Eating
My parents were weird about food, possibly because they never got enough of it as kids. My mother (and the rest of her relations) believed as a matter of faith that any child who failed to finish a meal was doomed to die of starvation. My father as ardently believed that a child should eat a well-balanced meal containing the proper nutrients. As it happened, he had a book by an expert which contained the details of a proper diet. At the top of the list was milk.
Drinking a quart of milk a day, as advised by the book, was a non-starter in my household, because my mother kept kosher. Also, I didn't like milk and still don't. So dad concentrated all his milk drinking energies on the breakfast table, where I was enjoined to down 8 oz of the nasty white stuff.
I should mention here that I was the kind of child who, as an infant, held my breath until I passed out. In short, very fond of my own way. And as much as I didn't like milk, I so much more didn't like it in the morning when I was nervous and anxious about going to school and facing the rigors of the first grade.
So, having imbibed the stuff, I rode to school in the family car with the milk lurching around in my stomach and threatening to come out every time we hit a pothole. Sometimes it did, sometimes it didn't.
Other foods triggered different battles: I remember sitting at the table staring at my dinner until bedtime on more than one occasion. There were lots of things I didn't like--anything with mayonnaise in it, anything with fat in it, anything floating in soup--the list is endless. Fortunately, I outgrew this and can eat anything, and do.
By the time my brother was a toddler, my father was out of the picture, so the scenario was different. He was a spindly little guy, not thin, but not fat either. Mother would heap his plate with about 2,200 calories and then worry if he didn't finish every bite. If he left any food on his plate, she took him to the drive-in and bought him chocolate shakes and French fries. This continued until he was 5'8" and weighed 220. Then he had to lose the weight.
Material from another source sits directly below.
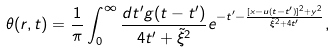Convert formula to latex. <formula><loc_0><loc_0><loc_500><loc_500>\theta ( { r } , t ) = \frac { 1 } { \pi } \int _ { 0 } ^ { \infty } \frac { d t ^ { \prime } g ( t - t ^ { \prime } ) } { 4 t ^ { \prime } + { \tilde { \xi } } ^ { 2 } } e ^ { - t ^ { \prime } - \frac { [ x - u ( t - t ^ { \prime } ) ] ^ { 2 } + y ^ { 2 } } { { \tilde { \xi } } ^ { 2 } + 4 t ^ { \prime } } } ,</formula>

He told me that his feet hurt all the time when he was fat; he thought it was normal and was surprised that when he lost weight his feet stopped hurting.
The result for me was that I refused to cram anything down my children's throats. I trained myself not to notice whether they had finished their meals or not. I am proud to say that they actually lived to grow up and did not starve to death.
Now a new generation has picked up the gauntlet. My daughter negotiates with her 6-year-old about every bite of food, making mealtime discussions rather monotonous. The kid, who is smarter than I ever was, considers her nagging as so much white noise and ignores her, thus sparing his sanity. But he still has to finish three bites before he can have dessert.
1 comment:
We do that too. No eat, no desert. And eat means main course, vegetables and garden salad. I feel guilty sometimes. I remember my sister and I being forced to sit at table with our unfrozen mixed vegetables until dad left the room. Then we secreted the stuff in an empty drawer in the china cabinet. Only we forgot to come back and throw it away and we got caught. I still hate mixed vegetables.